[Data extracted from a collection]
____________

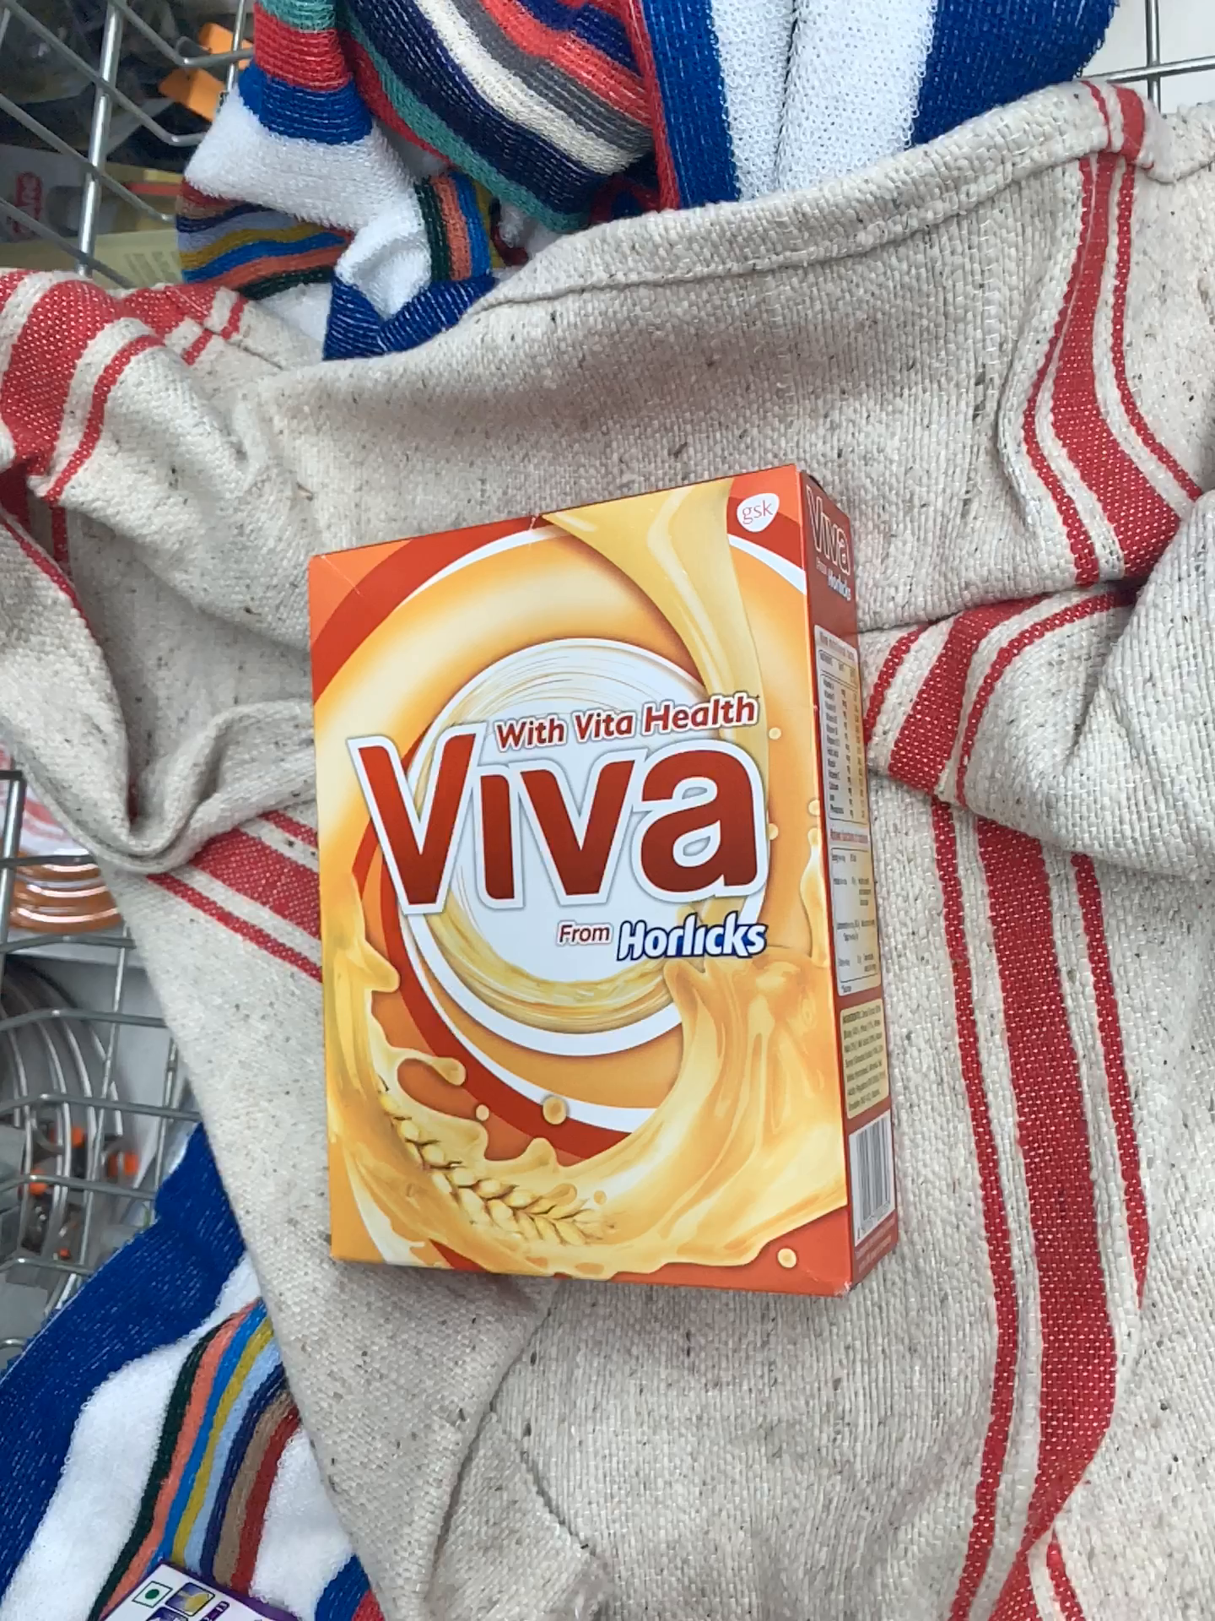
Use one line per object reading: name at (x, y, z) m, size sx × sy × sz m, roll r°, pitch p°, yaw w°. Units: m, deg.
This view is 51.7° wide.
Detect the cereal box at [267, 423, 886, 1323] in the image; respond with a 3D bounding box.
cereal box at (-0.008, 0.019, 0.336) m, size 0.140 × 0.070 × 0.200 m, roll -5°, pitch 85°, yaw 20°
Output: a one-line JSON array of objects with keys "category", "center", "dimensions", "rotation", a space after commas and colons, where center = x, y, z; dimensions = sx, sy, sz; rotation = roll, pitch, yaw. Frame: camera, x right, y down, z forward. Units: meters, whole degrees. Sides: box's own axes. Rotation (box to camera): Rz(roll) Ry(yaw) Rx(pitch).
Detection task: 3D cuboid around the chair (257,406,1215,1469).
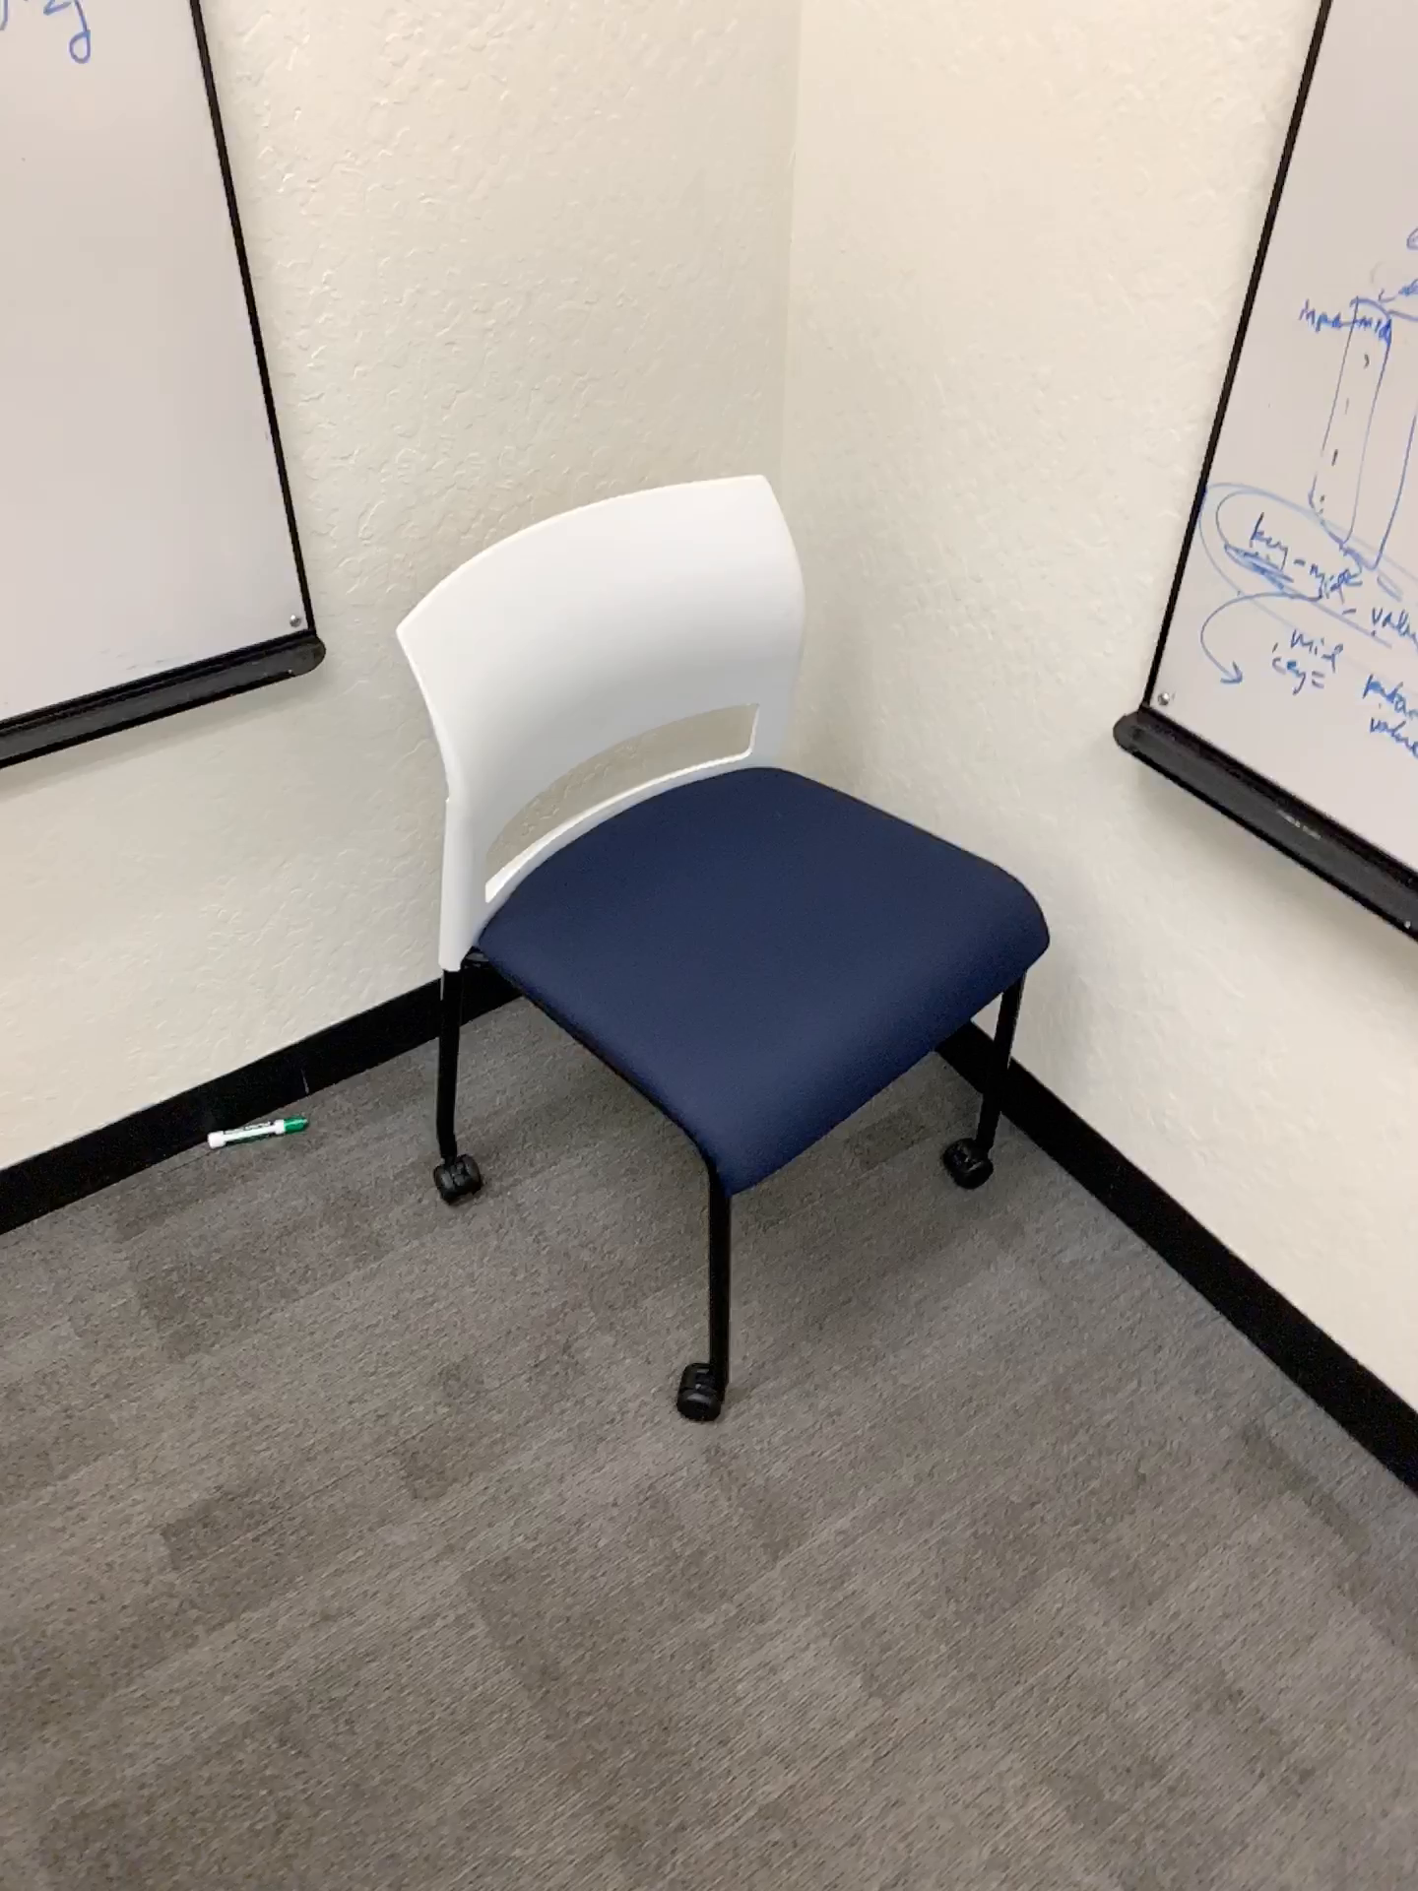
[{"category": "chair", "center": [0.024, -0.034, 1.714], "dimensions": [0.702, 0.835, 0.642], "rotation": [-33, 52, -31]}]
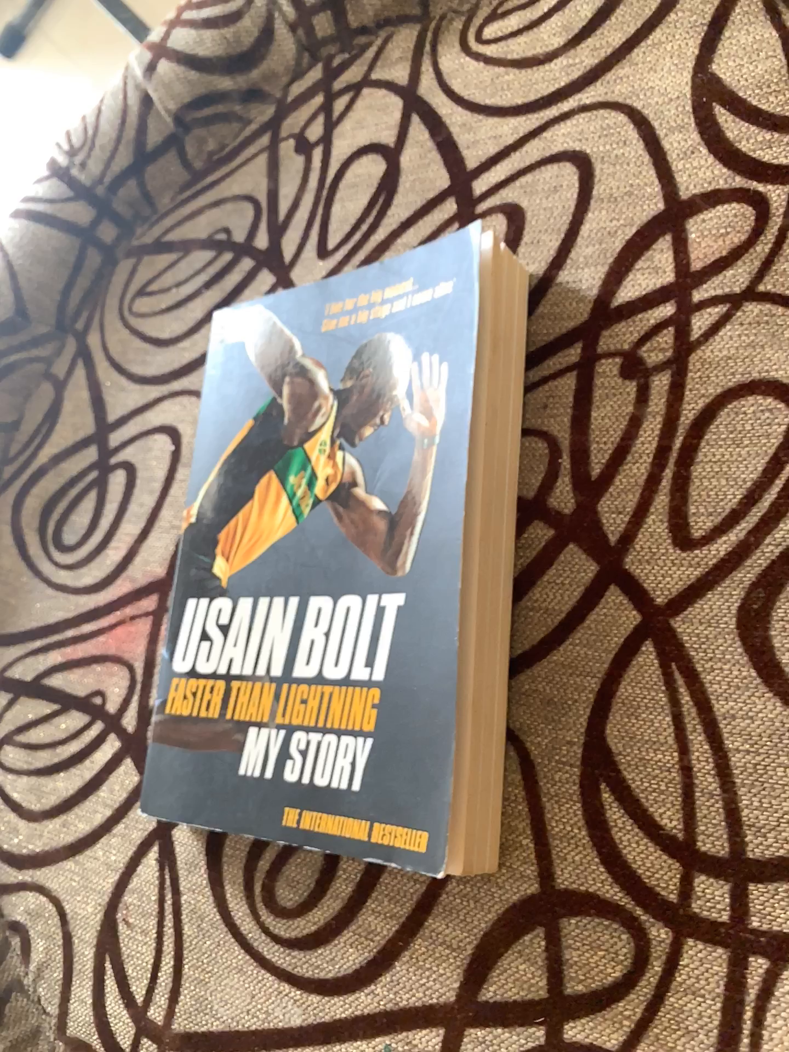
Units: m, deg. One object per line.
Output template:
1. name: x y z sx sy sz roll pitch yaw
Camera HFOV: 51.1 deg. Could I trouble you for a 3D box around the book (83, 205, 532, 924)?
1. book: -0.030 0.008 0.276 0.140 0.030 0.200 -4 73 35
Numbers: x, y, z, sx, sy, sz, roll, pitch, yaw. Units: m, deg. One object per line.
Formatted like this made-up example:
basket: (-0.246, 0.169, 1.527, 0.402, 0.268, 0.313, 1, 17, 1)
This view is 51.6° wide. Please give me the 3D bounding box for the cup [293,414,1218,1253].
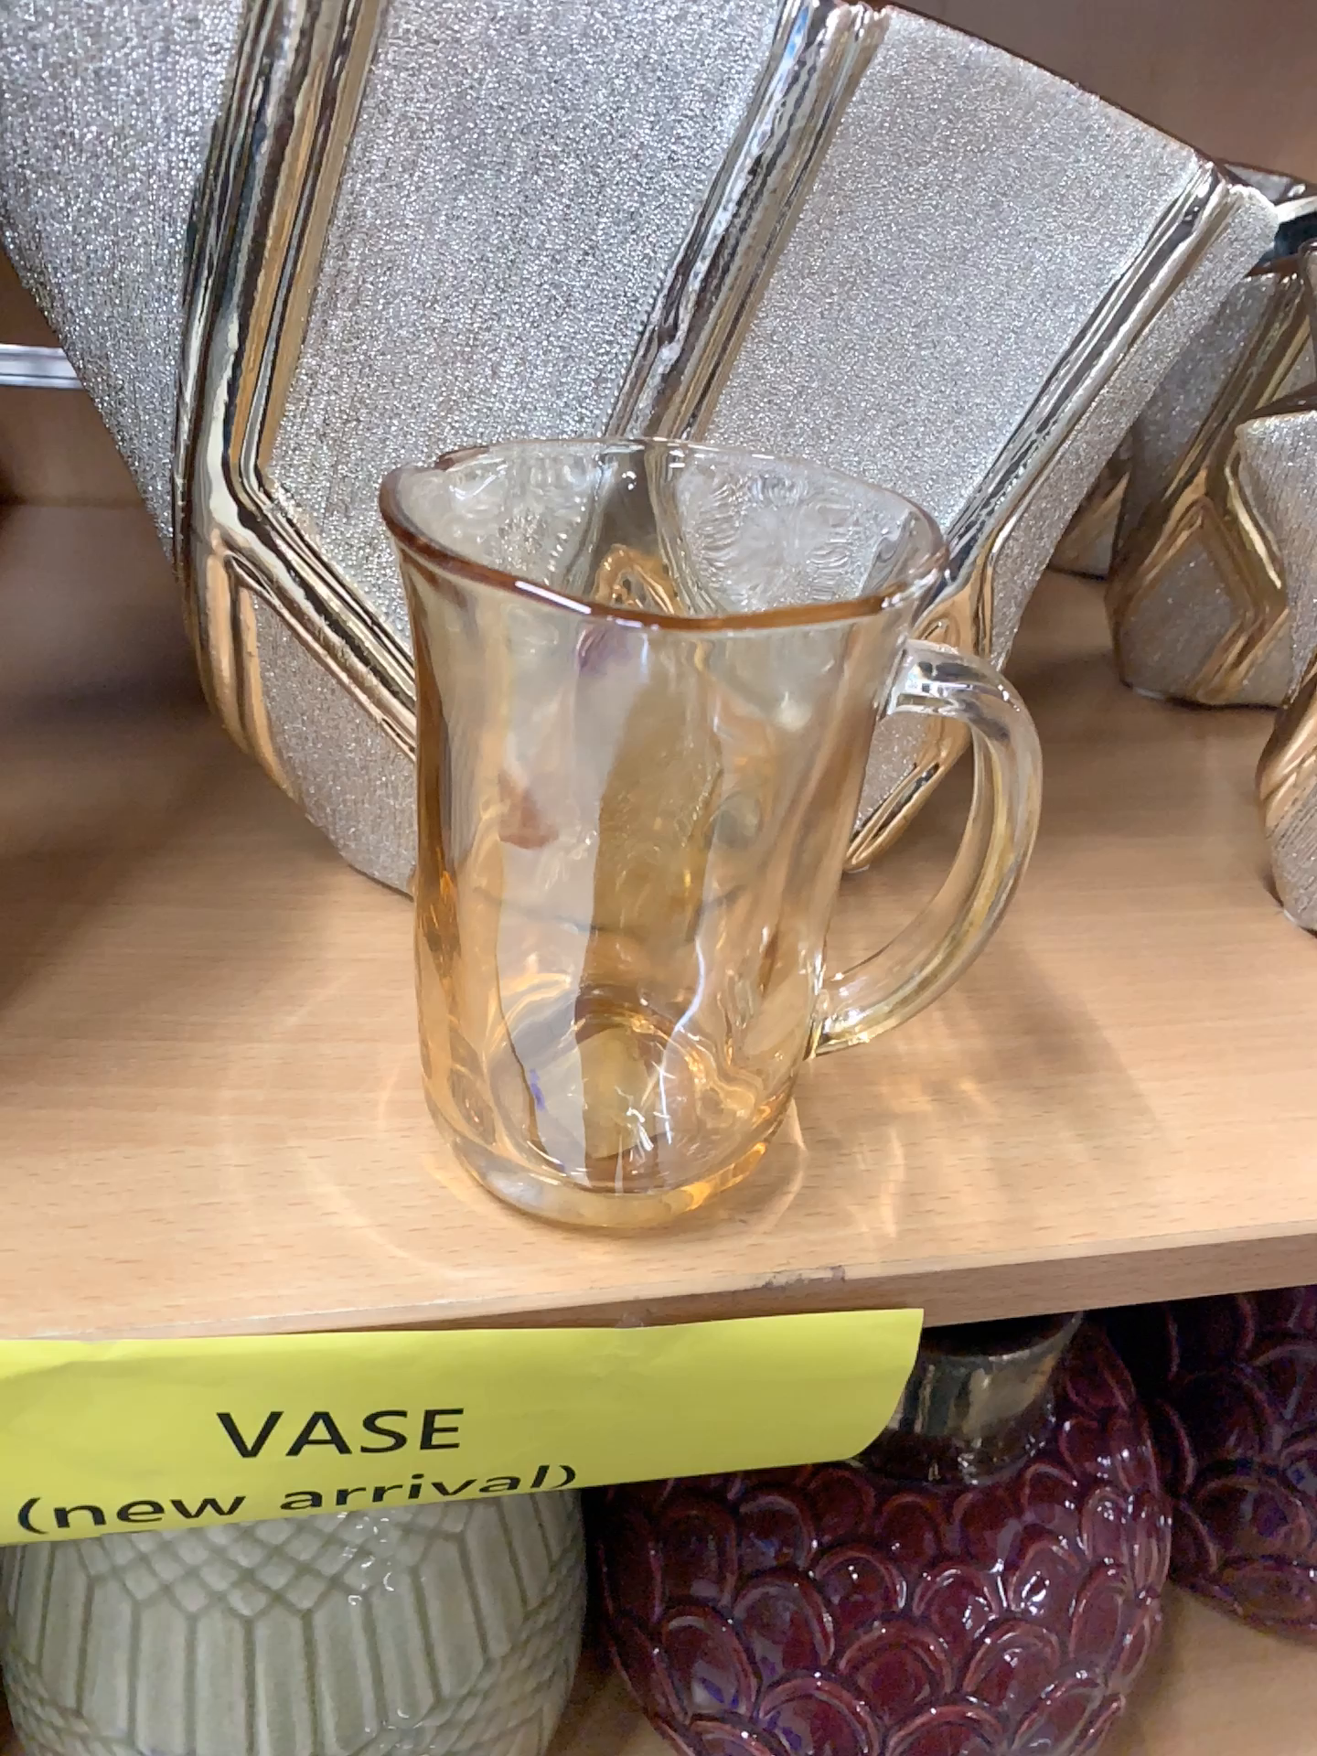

____________

Exercise aim =>
In the records above, locate the line containing "Numbers: x, y, z, sx, sy, sz, roll, pitch, yaw.", then copy exactly that line and every line after it through the end, omitting pictures.

Solution to this exercise =>
Numbers: x, y, z, sx, sy, sz, roll, pitch, yaw. Units: m, deg. One object per line.
Formatted like this made-up example:
basket: (-0.246, 0.169, 1.527, 0.402, 0.268, 0.313, 1, 17, 1)
This view is 51.6° wide. Please give me the 3D bounding box for the cup [293,414,1218,1253].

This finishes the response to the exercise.